** Opening TASK DATA block **

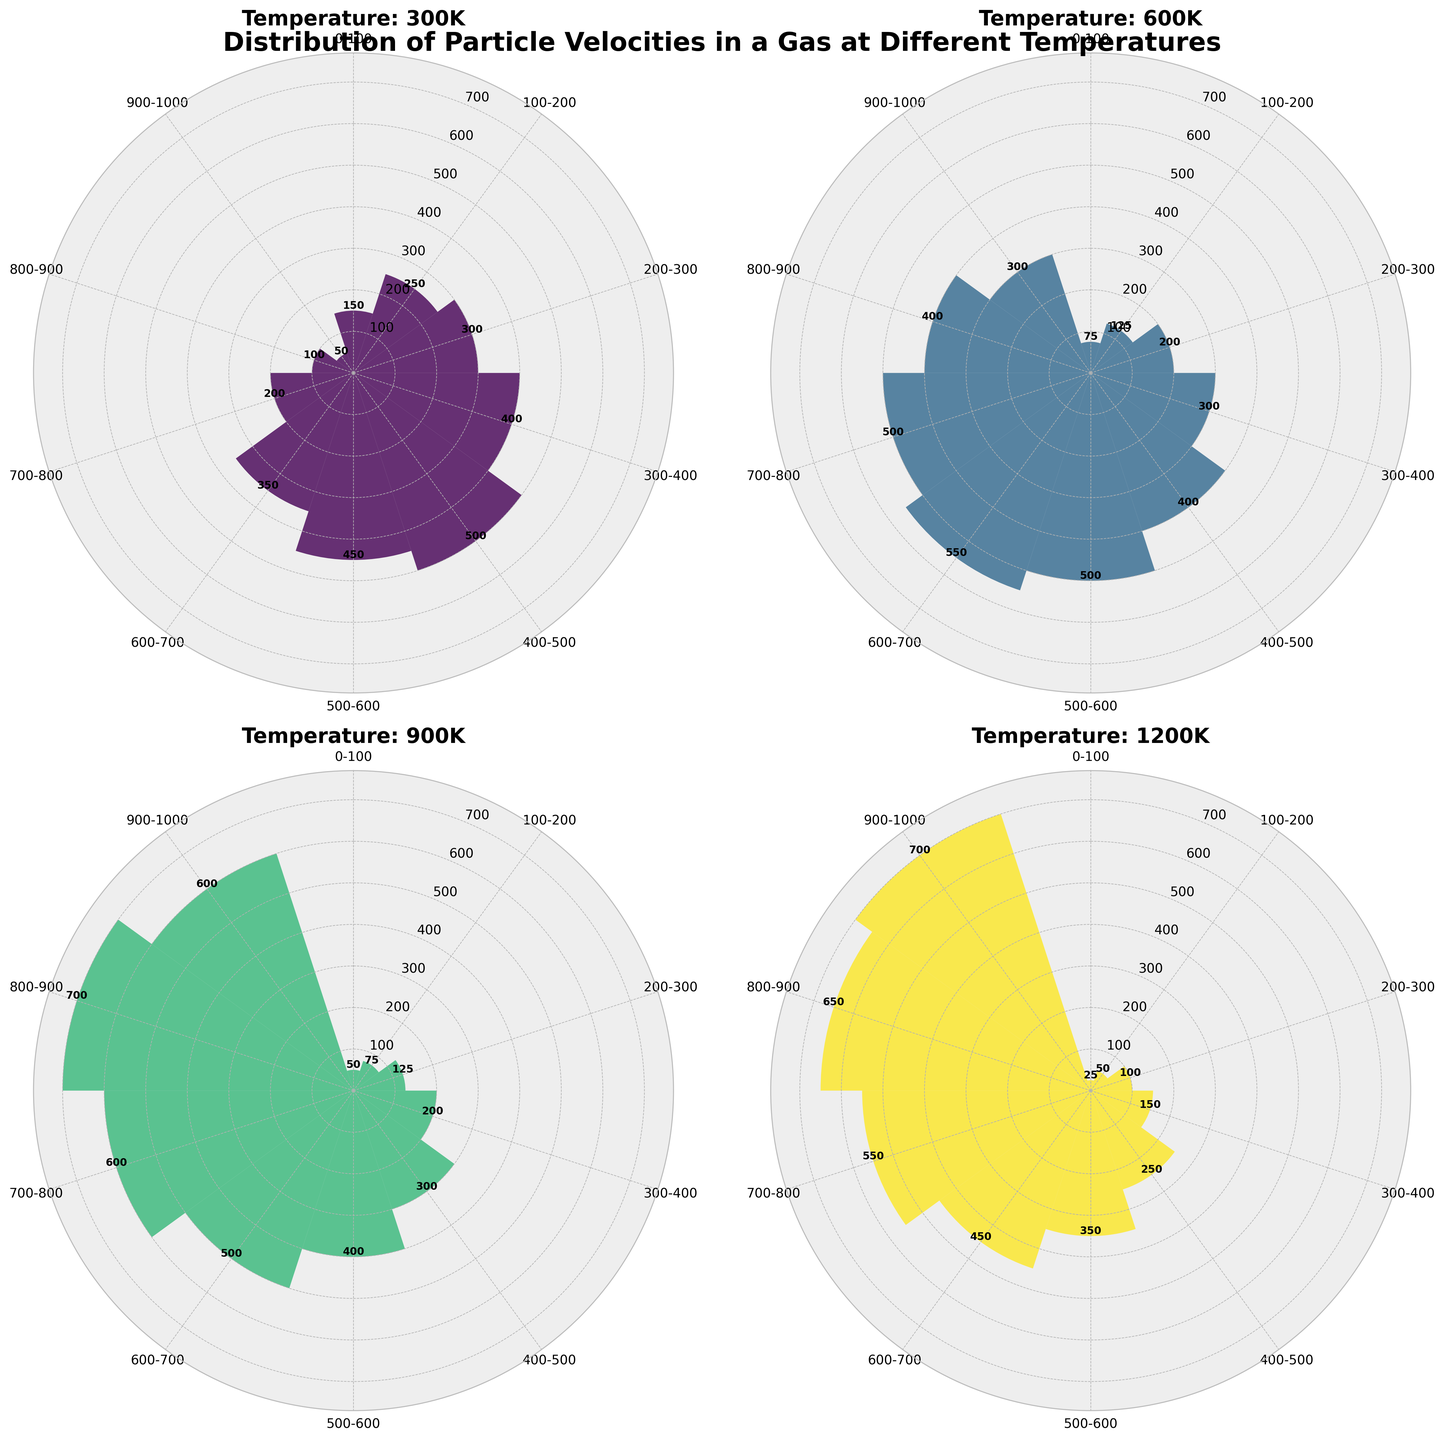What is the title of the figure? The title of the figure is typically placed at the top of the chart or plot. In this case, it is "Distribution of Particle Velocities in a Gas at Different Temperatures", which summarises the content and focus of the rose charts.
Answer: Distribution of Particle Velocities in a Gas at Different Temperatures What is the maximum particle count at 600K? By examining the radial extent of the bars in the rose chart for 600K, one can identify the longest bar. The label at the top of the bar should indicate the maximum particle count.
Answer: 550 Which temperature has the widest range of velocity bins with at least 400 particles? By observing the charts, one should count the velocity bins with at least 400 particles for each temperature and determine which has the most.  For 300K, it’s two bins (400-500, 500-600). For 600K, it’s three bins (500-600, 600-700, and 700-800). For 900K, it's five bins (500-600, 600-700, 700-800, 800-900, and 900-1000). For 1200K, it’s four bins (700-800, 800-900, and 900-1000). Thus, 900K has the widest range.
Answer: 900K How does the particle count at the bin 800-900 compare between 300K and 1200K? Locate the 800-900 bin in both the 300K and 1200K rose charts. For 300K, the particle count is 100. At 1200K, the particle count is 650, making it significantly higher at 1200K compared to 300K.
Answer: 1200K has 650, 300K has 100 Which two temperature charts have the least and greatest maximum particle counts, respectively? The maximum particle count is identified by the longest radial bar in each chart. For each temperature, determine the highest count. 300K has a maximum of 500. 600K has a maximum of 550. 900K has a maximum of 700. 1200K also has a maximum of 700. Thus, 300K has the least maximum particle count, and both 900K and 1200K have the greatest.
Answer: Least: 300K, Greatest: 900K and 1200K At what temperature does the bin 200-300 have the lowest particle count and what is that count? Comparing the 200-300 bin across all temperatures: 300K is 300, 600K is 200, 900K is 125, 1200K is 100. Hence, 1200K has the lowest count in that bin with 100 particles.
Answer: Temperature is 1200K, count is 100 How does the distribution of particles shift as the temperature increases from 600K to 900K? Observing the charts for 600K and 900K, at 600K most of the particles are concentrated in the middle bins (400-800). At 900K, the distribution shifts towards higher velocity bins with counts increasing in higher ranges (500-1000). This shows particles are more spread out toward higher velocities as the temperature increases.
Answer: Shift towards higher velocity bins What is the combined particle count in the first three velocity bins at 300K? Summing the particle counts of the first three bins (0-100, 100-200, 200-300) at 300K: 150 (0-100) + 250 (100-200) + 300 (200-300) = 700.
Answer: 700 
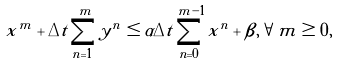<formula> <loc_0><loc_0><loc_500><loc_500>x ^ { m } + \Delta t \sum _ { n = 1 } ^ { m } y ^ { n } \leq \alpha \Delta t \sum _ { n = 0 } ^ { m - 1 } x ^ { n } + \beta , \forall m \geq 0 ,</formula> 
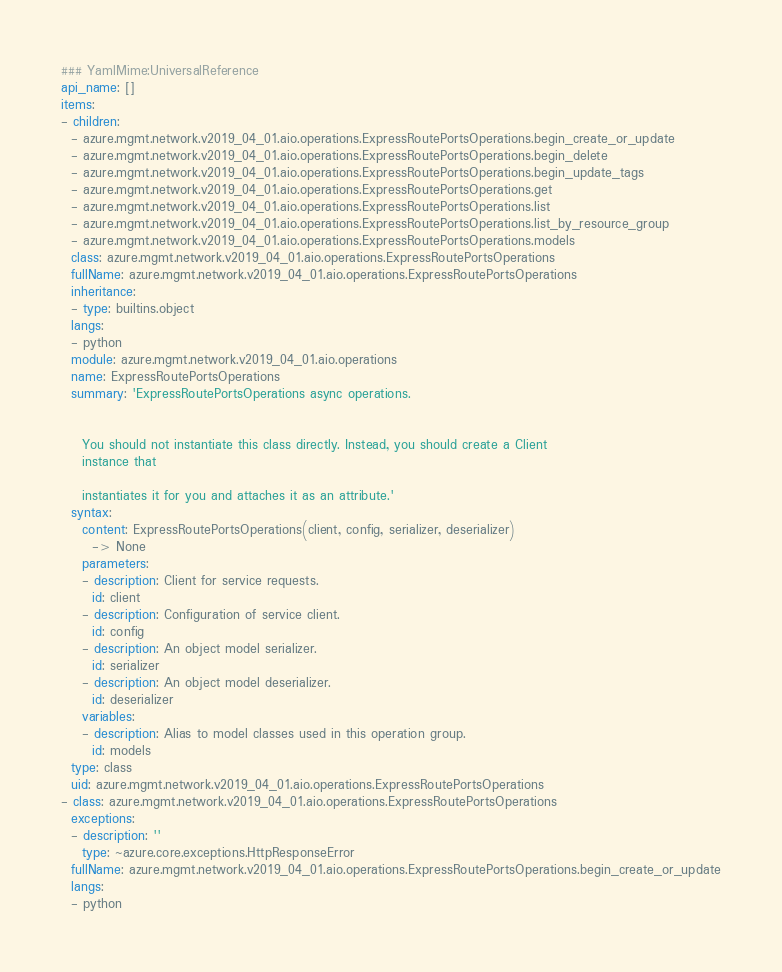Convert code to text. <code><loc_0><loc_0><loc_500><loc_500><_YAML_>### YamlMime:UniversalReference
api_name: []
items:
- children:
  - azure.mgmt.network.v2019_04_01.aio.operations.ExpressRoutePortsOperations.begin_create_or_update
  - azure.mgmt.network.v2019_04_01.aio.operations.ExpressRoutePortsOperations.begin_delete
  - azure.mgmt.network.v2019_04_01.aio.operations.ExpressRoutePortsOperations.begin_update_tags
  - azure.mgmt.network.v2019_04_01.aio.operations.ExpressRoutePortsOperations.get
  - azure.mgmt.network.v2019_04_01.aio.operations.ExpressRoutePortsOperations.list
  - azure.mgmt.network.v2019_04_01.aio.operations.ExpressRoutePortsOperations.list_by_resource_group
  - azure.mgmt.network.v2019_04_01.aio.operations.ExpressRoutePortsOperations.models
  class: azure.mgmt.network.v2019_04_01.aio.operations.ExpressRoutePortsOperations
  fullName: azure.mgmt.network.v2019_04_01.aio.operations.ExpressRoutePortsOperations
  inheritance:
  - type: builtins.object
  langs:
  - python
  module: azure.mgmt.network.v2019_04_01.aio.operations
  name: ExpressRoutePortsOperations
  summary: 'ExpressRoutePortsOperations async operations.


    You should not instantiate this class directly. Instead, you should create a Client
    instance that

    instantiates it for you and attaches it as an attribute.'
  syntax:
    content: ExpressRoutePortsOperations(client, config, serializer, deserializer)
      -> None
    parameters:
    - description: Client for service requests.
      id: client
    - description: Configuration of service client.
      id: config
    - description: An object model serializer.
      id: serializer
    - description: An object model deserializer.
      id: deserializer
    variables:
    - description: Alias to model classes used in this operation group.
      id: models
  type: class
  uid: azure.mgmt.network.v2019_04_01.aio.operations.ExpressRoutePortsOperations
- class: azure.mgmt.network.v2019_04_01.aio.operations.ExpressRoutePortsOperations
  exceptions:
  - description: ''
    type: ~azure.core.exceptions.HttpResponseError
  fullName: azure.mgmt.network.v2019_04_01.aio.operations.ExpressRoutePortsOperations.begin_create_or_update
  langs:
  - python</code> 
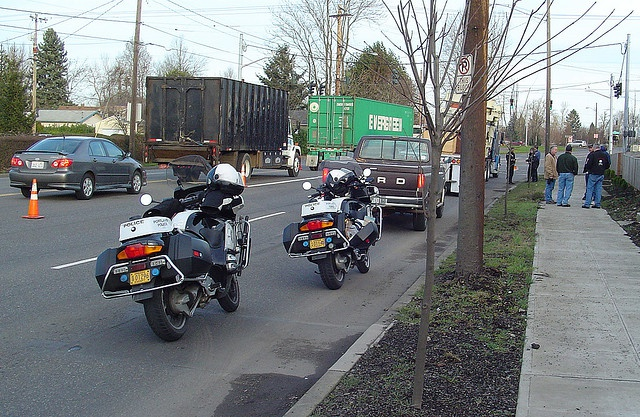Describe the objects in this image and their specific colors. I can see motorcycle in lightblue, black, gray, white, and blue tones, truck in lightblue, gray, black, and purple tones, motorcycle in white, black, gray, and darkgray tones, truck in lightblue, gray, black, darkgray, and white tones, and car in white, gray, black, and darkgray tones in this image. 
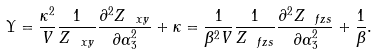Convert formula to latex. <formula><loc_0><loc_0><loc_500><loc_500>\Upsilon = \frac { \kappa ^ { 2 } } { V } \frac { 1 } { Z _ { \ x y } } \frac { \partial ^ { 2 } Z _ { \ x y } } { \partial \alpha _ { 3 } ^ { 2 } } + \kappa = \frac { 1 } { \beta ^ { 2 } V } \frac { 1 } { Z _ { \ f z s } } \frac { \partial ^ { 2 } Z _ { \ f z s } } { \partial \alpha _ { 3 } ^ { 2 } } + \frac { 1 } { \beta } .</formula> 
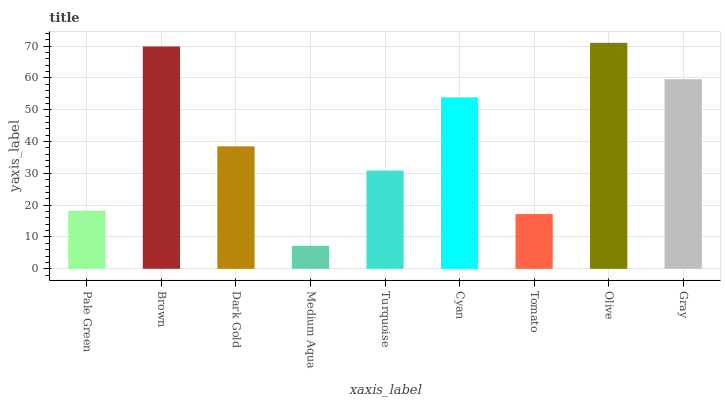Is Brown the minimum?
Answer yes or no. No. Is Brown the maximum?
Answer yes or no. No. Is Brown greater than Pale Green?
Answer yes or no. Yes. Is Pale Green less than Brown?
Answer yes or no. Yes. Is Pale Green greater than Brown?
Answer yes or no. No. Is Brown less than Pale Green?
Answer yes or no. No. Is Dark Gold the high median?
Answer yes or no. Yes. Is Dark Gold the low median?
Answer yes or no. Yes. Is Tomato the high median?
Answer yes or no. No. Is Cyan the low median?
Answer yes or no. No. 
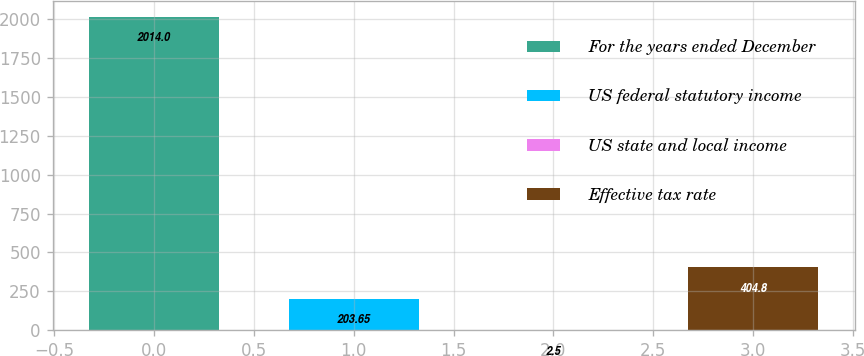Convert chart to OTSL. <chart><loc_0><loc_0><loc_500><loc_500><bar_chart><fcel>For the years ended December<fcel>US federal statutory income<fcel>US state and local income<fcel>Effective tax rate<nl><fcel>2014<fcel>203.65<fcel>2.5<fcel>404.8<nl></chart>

** Closing TASK DATA block **

*ABOUT THIS EXERCISE*
Restate each entry word for word. Omit every picture.

*REPLY TO THE TASK*
What is the title of the figure? The title of the figure is typically placed at the top of the chart or plot. In this case, it is "Distribution of Particle Velocities in a Gas at Different Temperatures", which summarises the content and focus of the rose charts.
Answer: Distribution of Particle Velocities in a Gas at Different Temperatures What is the maximum particle count at 600K? By examining the radial extent of the bars in the rose chart for 600K, one can identify the longest bar. The label at the top of the bar should indicate the maximum particle count.
Answer: 550 Which temperature has the widest range of velocity bins with at least 400 particles? By observing the charts, one should count the velocity bins with at least 400 particles for each temperature and determine which has the most.  For 300K, it’s two bins (400-500, 500-600). For 600K, it’s three bins (500-600, 600-700, and 700-800). For 900K, it's five bins (500-600, 600-700, 700-800, 800-900, and 900-1000). For 1200K, it’s four bins (700-800, 800-900, and 900-1000). Thus, 900K has the widest range.
Answer: 900K How does the particle count at the bin 800-900 compare between 300K and 1200K? Locate the 800-900 bin in both the 300K and 1200K rose charts. For 300K, the particle count is 100. At 1200K, the particle count is 650, making it significantly higher at 1200K compared to 300K.
Answer: 1200K has 650, 300K has 100 Which two temperature charts have the least and greatest maximum particle counts, respectively? The maximum particle count is identified by the longest radial bar in each chart. For each temperature, determine the highest count. 300K has a maximum of 500. 600K has a maximum of 550. 900K has a maximum of 700. 1200K also has a maximum of 700. Thus, 300K has the least maximum particle count, and both 900K and 1200K have the greatest.
Answer: Least: 300K, Greatest: 900K and 1200K At what temperature does the bin 200-300 have the lowest particle count and what is that count? Comparing the 200-300 bin across all temperatures: 300K is 300, 600K is 200, 900K is 125, 1200K is 100. Hence, 1200K has the lowest count in that bin with 100 particles.
Answer: Temperature is 1200K, count is 100 How does the distribution of particles shift as the temperature increases from 600K to 900K? Observing the charts for 600K and 900K, at 600K most of the particles are concentrated in the middle bins (400-800). At 900K, the distribution shifts towards higher velocity bins with counts increasing in higher ranges (500-1000). This shows particles are more spread out toward higher velocities as the temperature increases.
Answer: Shift towards higher velocity bins What is the combined particle count in the first three velocity bins at 300K? Summing the particle counts of the first three bins (0-100, 100-200, 200-300) at 300K: 150 (0-100) + 250 (100-200) + 300 (200-300) = 700.
Answer: 700 
<formula> <loc_0><loc_0><loc_500><loc_500>x ^ { m } + \Delta t \sum _ { n = 1 } ^ { m } y ^ { n } \leq \alpha \Delta t \sum _ { n = 0 } ^ { m - 1 } x ^ { n } + \beta , \forall m \geq 0 ,</formula> 
Convert code to text. <code><loc_0><loc_0><loc_500><loc_500><_YAML_>### YamlMime:UniversalReference
api_name: []
items:
- children:
  - azure.mgmt.network.v2019_04_01.aio.operations.ExpressRoutePortsOperations.begin_create_or_update
  - azure.mgmt.network.v2019_04_01.aio.operations.ExpressRoutePortsOperations.begin_delete
  - azure.mgmt.network.v2019_04_01.aio.operations.ExpressRoutePortsOperations.begin_update_tags
  - azure.mgmt.network.v2019_04_01.aio.operations.ExpressRoutePortsOperations.get
  - azure.mgmt.network.v2019_04_01.aio.operations.ExpressRoutePortsOperations.list
  - azure.mgmt.network.v2019_04_01.aio.operations.ExpressRoutePortsOperations.list_by_resource_group
  - azure.mgmt.network.v2019_04_01.aio.operations.ExpressRoutePortsOperations.models
  class: azure.mgmt.network.v2019_04_01.aio.operations.ExpressRoutePortsOperations
  fullName: azure.mgmt.network.v2019_04_01.aio.operations.ExpressRoutePortsOperations
  inheritance:
  - type: builtins.object
  langs:
  - python
  module: azure.mgmt.network.v2019_04_01.aio.operations
  name: ExpressRoutePortsOperations
  summary: 'ExpressRoutePortsOperations async operations.


    You should not instantiate this class directly. Instead, you should create a Client
    instance that

    instantiates it for you and attaches it as an attribute.'
  syntax:
    content: ExpressRoutePortsOperations(client, config, serializer, deserializer)
      -> None
    parameters:
    - description: Client for service requests.
      id: client
    - description: Configuration of service client.
      id: config
    - description: An object model serializer.
      id: serializer
    - description: An object model deserializer.
      id: deserializer
    variables:
    - description: Alias to model classes used in this operation group.
      id: models
  type: class
  uid: azure.mgmt.network.v2019_04_01.aio.operations.ExpressRoutePortsOperations
- class: azure.mgmt.network.v2019_04_01.aio.operations.ExpressRoutePortsOperations
  exceptions:
  - description: ''
    type: ~azure.core.exceptions.HttpResponseError
  fullName: azure.mgmt.network.v2019_04_01.aio.operations.ExpressRoutePortsOperations.begin_create_or_update
  langs:
  - python</code> 
Describe the objects in this image and their specific colors. I can see motorcycle in lightblue, black, gray, white, and blue tones, truck in lightblue, gray, black, and purple tones, motorcycle in white, black, gray, and darkgray tones, truck in lightblue, gray, black, darkgray, and white tones, and car in white, gray, black, and darkgray tones in this image. 
Convert formula to latex. <formula><loc_0><loc_0><loc_500><loc_500>\Upsilon = \frac { \kappa ^ { 2 } } { V } \frac { 1 } { Z _ { \ x y } } \frac { \partial ^ { 2 } Z _ { \ x y } } { \partial \alpha _ { 3 } ^ { 2 } } + \kappa = \frac { 1 } { \beta ^ { 2 } V } \frac { 1 } { Z _ { \ f z s } } \frac { \partial ^ { 2 } Z _ { \ f z s } } { \partial \alpha _ { 3 } ^ { 2 } } + \frac { 1 } { \beta } .</formula> 
Is Brown the minimum?
Answer yes or no. No. Is Brown the maximum?
Answer yes or no. No. Is Brown greater than Pale Green?
Answer yes or no. Yes. Is Pale Green less than Brown?
Answer yes or no. Yes. Is Pale Green greater than Brown?
Answer yes or no. No. Is Brown less than Pale Green?
Answer yes or no. No. Is Dark Gold the high median?
Answer yes or no. Yes. Is Dark Gold the low median?
Answer yes or no. Yes. Is Tomato the high median?
Answer yes or no. No. Is Cyan the low median?
Answer yes or no. No. 
Convert chart to OTSL. <chart><loc_0><loc_0><loc_500><loc_500><bar_chart><fcel>For the years ended December<fcel>US federal statutory income<fcel>US state and local income<fcel>Effective tax rate<nl><fcel>2014<fcel>203.65<fcel>2.5<fcel>404.8<nl></chart>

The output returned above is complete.